__Stored items__:
━━━━━━━━━━━━━━━━

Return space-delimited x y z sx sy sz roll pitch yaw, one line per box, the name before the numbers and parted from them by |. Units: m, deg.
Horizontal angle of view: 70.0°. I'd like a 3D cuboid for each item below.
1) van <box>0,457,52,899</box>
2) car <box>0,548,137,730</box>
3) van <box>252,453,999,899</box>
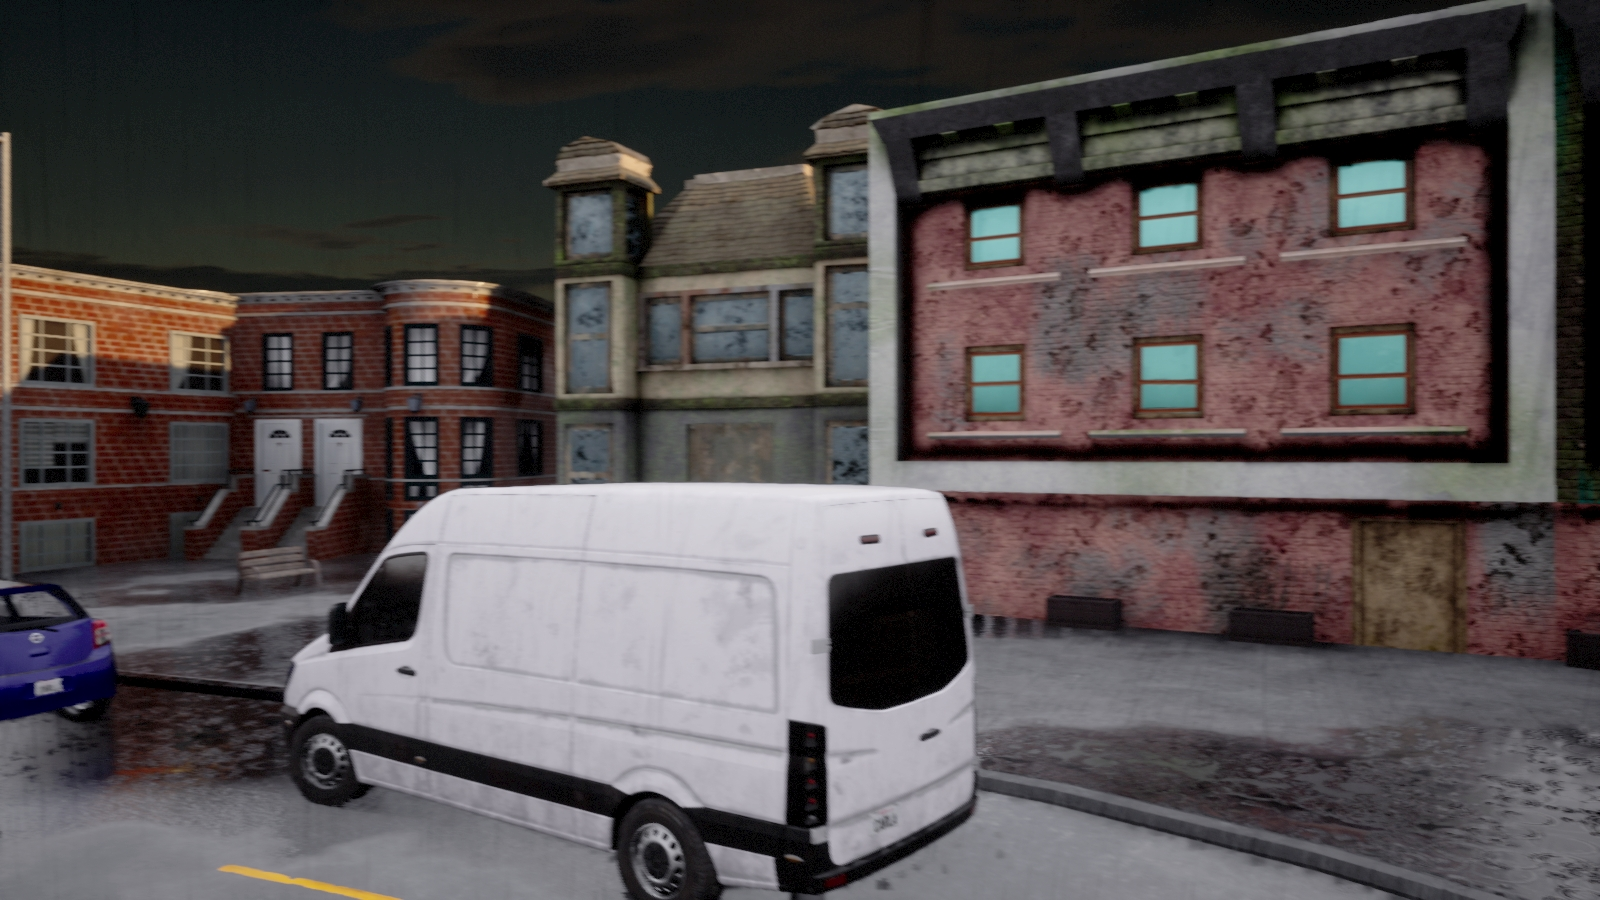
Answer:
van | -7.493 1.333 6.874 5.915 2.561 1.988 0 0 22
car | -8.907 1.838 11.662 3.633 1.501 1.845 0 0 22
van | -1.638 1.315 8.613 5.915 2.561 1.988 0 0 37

━━━━━━━━━━━━━━━━

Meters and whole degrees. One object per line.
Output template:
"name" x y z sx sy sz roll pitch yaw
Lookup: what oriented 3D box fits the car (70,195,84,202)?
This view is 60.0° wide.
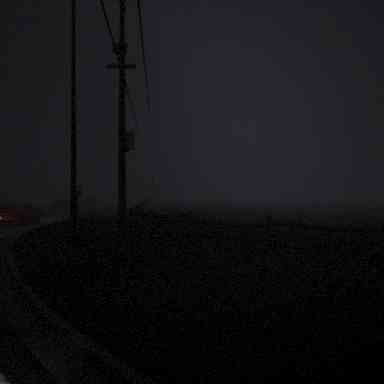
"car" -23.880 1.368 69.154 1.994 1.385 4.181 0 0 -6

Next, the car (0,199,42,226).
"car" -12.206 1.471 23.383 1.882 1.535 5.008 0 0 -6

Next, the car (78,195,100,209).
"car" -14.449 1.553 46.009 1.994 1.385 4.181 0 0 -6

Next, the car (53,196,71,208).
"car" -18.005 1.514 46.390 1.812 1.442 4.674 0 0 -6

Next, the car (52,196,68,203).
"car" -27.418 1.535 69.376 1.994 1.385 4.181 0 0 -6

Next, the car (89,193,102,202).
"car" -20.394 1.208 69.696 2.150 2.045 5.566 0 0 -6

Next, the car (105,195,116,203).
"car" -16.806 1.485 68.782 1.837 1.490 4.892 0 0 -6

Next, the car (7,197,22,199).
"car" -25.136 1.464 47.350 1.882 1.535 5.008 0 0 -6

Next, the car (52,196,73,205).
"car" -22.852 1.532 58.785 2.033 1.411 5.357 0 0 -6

━━━━━━━━━━━━━━━━

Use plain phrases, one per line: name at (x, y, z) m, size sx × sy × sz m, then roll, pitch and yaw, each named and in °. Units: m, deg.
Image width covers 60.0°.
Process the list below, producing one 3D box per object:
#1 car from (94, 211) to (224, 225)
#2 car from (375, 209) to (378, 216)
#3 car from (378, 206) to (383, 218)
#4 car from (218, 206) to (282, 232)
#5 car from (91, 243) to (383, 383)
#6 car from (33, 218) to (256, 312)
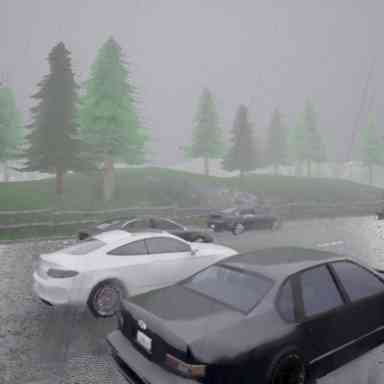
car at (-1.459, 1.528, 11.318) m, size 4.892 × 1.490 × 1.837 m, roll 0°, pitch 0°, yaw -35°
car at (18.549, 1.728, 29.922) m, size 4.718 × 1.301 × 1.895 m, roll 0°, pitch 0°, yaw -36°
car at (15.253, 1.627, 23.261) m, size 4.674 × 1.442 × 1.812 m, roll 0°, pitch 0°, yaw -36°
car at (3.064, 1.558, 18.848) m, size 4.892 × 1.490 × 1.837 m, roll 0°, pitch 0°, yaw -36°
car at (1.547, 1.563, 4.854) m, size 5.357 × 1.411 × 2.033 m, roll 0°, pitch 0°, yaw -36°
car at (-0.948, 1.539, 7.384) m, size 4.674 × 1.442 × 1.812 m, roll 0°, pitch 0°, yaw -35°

━━━━━━━━━━━━━━━━

__THE PROBLEM__: From the entries above, extract only the lines running from the one containing "#2 car from (375, 209) to (378, 216)" through the one containing "#5 car from (91, 243) to (383, 383)", inclusive.

__RESULT OF THE TASK__:
#2 car from (375, 209) to (378, 216)
#3 car from (378, 206) to (383, 218)
#4 car from (218, 206) to (282, 232)
#5 car from (91, 243) to (383, 383)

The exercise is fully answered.